--- Exercise aim ---
Only these lines of the data below are wanted: the one with "#19 sneaker at [832, 190, 986, 479]", the one with "vase: [0.656,-0.200,1.302,0.143,0.285,0.143,15,16,19]", and any lines between them, each repeated exactly.
══════════
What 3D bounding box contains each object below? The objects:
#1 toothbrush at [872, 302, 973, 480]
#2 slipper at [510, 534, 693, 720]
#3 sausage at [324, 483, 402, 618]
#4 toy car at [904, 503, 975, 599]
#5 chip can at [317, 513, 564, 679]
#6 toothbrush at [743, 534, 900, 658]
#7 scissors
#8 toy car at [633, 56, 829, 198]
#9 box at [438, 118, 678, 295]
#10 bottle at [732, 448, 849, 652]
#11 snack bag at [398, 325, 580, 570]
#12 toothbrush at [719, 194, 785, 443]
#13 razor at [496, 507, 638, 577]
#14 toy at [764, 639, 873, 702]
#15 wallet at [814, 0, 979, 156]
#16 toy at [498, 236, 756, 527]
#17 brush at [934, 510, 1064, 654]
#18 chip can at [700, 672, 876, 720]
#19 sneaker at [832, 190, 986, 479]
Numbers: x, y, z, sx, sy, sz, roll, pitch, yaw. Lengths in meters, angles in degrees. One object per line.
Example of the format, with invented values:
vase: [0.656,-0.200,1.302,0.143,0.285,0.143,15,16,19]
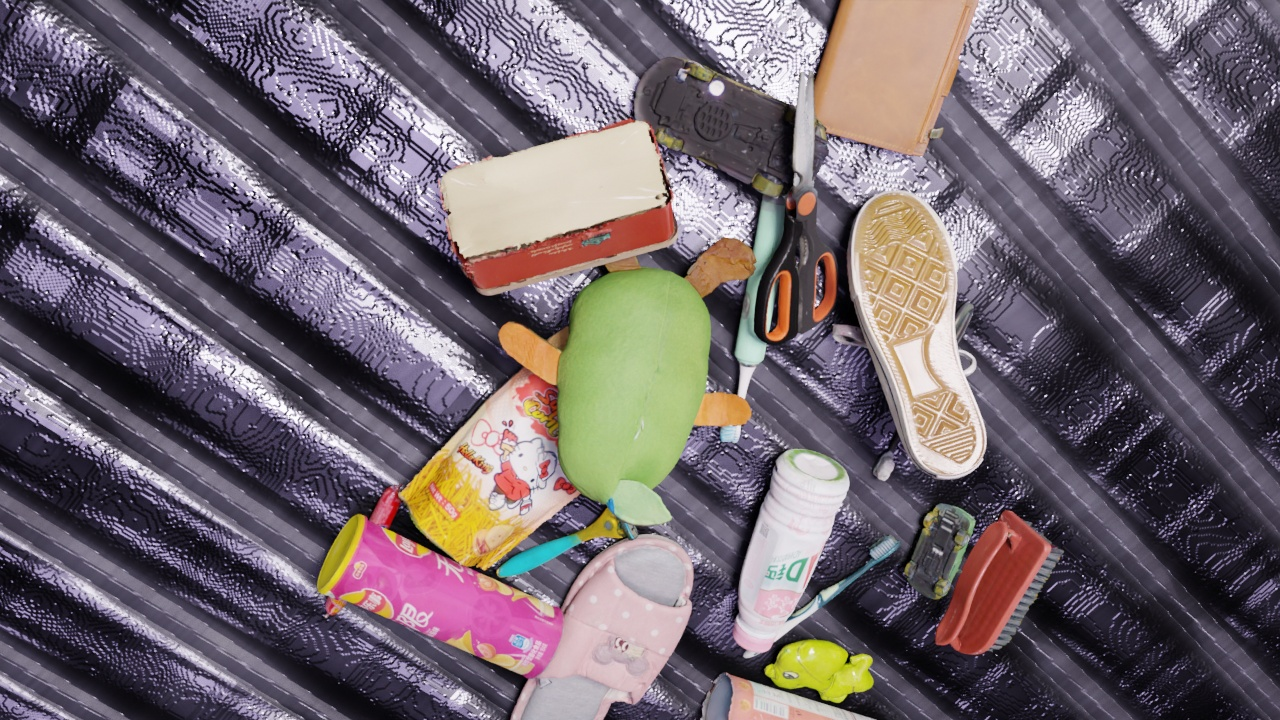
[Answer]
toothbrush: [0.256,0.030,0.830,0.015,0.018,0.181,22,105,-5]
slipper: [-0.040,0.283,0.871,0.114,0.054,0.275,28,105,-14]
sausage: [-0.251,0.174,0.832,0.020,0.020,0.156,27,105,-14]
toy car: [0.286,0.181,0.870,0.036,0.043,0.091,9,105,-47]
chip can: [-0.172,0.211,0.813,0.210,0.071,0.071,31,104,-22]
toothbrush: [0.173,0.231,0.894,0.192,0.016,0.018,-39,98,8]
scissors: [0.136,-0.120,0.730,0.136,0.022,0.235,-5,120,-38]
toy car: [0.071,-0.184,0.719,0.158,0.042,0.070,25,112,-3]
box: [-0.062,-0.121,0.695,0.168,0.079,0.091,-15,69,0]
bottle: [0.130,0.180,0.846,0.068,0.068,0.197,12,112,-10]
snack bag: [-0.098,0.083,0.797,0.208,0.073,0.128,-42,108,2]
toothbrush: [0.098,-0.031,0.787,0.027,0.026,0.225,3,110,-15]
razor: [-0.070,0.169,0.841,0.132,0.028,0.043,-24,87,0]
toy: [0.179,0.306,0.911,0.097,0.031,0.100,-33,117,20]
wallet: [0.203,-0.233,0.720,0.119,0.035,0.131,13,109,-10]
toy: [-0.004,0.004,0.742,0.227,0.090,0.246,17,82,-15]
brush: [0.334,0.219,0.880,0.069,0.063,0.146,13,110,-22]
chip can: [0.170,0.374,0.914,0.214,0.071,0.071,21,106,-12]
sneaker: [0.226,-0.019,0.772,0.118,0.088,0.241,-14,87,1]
══════════
--- Response area ---
#19 sneaker at [832, 190, 986, 479]
Numbers: x, y, z, sx, sy, sz, roll, pitch, yaw. Lengths in meters, angles in degrees. One object per line.
Example of the format, with invented values:
vase: [0.656,-0.200,1.302,0.143,0.285,0.143,15,16,19]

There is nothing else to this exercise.